__Data under study__.
★ ★ ★ ★

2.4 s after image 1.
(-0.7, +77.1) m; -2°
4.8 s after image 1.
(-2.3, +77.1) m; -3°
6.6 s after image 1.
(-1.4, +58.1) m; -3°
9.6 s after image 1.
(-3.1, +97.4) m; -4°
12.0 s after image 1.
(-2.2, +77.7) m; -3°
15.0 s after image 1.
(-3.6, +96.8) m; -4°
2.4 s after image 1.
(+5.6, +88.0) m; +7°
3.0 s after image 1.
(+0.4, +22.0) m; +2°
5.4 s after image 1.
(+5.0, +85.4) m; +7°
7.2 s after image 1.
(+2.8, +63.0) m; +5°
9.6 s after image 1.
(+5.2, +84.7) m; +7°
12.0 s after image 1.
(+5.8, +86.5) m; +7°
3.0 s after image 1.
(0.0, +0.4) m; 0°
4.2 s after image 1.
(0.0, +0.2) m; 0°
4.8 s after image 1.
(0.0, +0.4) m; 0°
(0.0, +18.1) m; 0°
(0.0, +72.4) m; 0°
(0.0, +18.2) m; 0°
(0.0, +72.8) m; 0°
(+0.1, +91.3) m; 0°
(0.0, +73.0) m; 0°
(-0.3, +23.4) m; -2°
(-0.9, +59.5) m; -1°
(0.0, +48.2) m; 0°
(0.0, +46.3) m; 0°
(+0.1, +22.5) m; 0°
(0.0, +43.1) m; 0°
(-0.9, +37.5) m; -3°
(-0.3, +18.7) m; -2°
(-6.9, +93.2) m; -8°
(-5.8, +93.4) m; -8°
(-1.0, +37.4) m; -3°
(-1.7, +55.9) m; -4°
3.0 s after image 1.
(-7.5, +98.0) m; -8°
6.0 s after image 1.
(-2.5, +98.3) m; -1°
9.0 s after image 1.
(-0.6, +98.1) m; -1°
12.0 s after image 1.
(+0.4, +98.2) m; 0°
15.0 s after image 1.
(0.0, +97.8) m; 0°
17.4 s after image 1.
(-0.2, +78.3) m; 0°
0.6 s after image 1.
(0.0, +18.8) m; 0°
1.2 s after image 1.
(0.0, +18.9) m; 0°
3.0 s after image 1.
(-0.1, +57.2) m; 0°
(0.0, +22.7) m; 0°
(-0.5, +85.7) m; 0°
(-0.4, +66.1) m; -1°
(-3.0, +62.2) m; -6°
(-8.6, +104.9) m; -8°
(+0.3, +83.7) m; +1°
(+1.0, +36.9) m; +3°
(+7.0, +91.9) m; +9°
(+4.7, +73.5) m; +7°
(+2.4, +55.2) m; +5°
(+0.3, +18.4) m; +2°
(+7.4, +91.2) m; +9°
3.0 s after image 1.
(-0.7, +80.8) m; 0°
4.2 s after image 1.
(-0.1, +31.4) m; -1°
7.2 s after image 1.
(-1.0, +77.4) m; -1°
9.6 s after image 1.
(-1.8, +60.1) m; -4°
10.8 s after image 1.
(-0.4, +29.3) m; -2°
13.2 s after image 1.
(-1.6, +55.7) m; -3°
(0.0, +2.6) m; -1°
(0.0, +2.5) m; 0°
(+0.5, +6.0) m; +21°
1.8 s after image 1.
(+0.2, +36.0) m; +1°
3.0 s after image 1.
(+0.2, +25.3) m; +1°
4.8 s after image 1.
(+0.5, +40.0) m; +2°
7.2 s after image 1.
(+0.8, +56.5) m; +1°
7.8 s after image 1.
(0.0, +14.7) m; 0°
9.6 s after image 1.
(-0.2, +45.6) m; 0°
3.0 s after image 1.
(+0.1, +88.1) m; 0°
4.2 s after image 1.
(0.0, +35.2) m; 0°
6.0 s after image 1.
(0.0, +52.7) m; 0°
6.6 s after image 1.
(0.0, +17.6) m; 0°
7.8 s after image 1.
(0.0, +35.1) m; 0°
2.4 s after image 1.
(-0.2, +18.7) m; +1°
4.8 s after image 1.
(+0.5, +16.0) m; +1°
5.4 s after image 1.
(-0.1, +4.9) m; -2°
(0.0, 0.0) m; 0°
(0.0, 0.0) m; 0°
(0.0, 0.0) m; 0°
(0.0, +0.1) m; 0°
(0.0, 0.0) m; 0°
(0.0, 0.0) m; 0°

★ ★ ★ ★

__Your objective__. Repeat each record verbatim.

__Written solution__.
2.4 s after image 1.
(-0.7, +77.1) m; -2°
4.8 s after image 1.
(-2.3, +77.1) m; -3°
6.6 s after image 1.
(-1.4, +58.1) m; -3°
9.6 s after image 1.
(-3.1, +97.4) m; -4°
12.0 s after image 1.
(-2.2, +77.7) m; -3°
15.0 s after image 1.
(-3.6, +96.8) m; -4°
2.4 s after image 1.
(+5.6, +88.0) m; +7°
3.0 s after image 1.
(+0.4, +22.0) m; +2°
5.4 s after image 1.
(+5.0, +85.4) m; +7°
7.2 s after image 1.
(+2.8, +63.0) m; +5°
9.6 s after image 1.
(+5.2, +84.7) m; +7°
12.0 s after image 1.
(+5.8, +86.5) m; +7°
3.0 s after image 1.
(0.0, +0.4) m; 0°
4.2 s after image 1.
(0.0, +0.2) m; 0°
4.8 s after image 1.
(0.0, +0.4) m; 0°
(0.0, +18.1) m; 0°
(0.0, +72.4) m; 0°
(0.0, +18.2) m; 0°
(0.0, +72.8) m; 0°
(+0.1, +91.3) m; 0°
(0.0, +73.0) m; 0°
(-0.3, +23.4) m; -2°
(-0.9, +59.5) m; -1°
(0.0, +48.2) m; 0°
(0.0, +46.3) m; 0°
(+0.1, +22.5) m; 0°
(0.0, +43.1) m; 0°
(-0.9, +37.5) m; -3°
(-0.3, +18.7) m; -2°
(-6.9, +93.2) m; -8°
(-5.8, +93.4) m; -8°
(-1.0, +37.4) m; -3°
(-1.7, +55.9) m; -4°
3.0 s after image 1.
(-7.5, +98.0) m; -8°
6.0 s after image 1.
(-2.5, +98.3) m; -1°
9.0 s after image 1.
(-0.6, +98.1) m; -1°
12.0 s after image 1.
(+0.4, +98.2) m; 0°
15.0 s after image 1.
(0.0, +97.8) m; 0°
17.4 s after image 1.
(-0.2, +78.3) m; 0°
0.6 s after image 1.
(0.0, +18.8) m; 0°
1.2 s after image 1.
(0.0, +18.9) m; 0°
3.0 s after image 1.
(-0.1, +57.2) m; 0°
(0.0, +22.7) m; 0°
(-0.5, +85.7) m; 0°
(-0.4, +66.1) m; -1°
(-3.0, +62.2) m; -6°
(-8.6, +104.9) m; -8°
(+0.3, +83.7) m; +1°
(+1.0, +36.9) m; +3°
(+7.0, +91.9) m; +9°
(+4.7, +73.5) m; +7°
(+2.4, +55.2) m; +5°
(+0.3, +18.4) m; +2°
(+7.4, +91.2) m; +9°
3.0 s after image 1.
(-0.7, +80.8) m; 0°
4.2 s after image 1.
(-0.1, +31.4) m; -1°
7.2 s after image 1.
(-1.0, +77.4) m; -1°
9.6 s after image 1.
(-1.8, +60.1) m; -4°
10.8 s after image 1.
(-0.4, +29.3) m; -2°
13.2 s after image 1.
(-1.6, +55.7) m; -3°
(0.0, +2.6) m; -1°
(0.0, +2.5) m; 0°
(+0.5, +6.0) m; +21°
1.8 s after image 1.
(+0.2, +36.0) m; +1°
3.0 s after image 1.
(+0.2, +25.3) m; +1°
4.8 s after image 1.
(+0.5, +40.0) m; +2°
7.2 s after image 1.
(+0.8, +56.5) m; +1°
7.8 s after image 1.
(0.0, +14.7) m; 0°
9.6 s after image 1.
(-0.2, +45.6) m; 0°
3.0 s after image 1.
(+0.1, +88.1) m; 0°
4.2 s after image 1.
(0.0, +35.2) m; 0°
6.0 s after image 1.
(0.0, +52.7) m; 0°
6.6 s after image 1.
(0.0, +17.6) m; 0°
7.8 s after image 1.
(0.0, +35.1) m; 0°
2.4 s after image 1.
(-0.2, +18.7) m; +1°
4.8 s after image 1.
(+0.5, +16.0) m; +1°
5.4 s after image 1.
(-0.1, +4.9) m; -2°
(0.0, 0.0) m; 0°
(0.0, 0.0) m; 0°
(0.0, 0.0) m; 0°
(0.0, +0.1) m; 0°
(0.0, 0.0) m; 0°
(0.0, 0.0) m; 0°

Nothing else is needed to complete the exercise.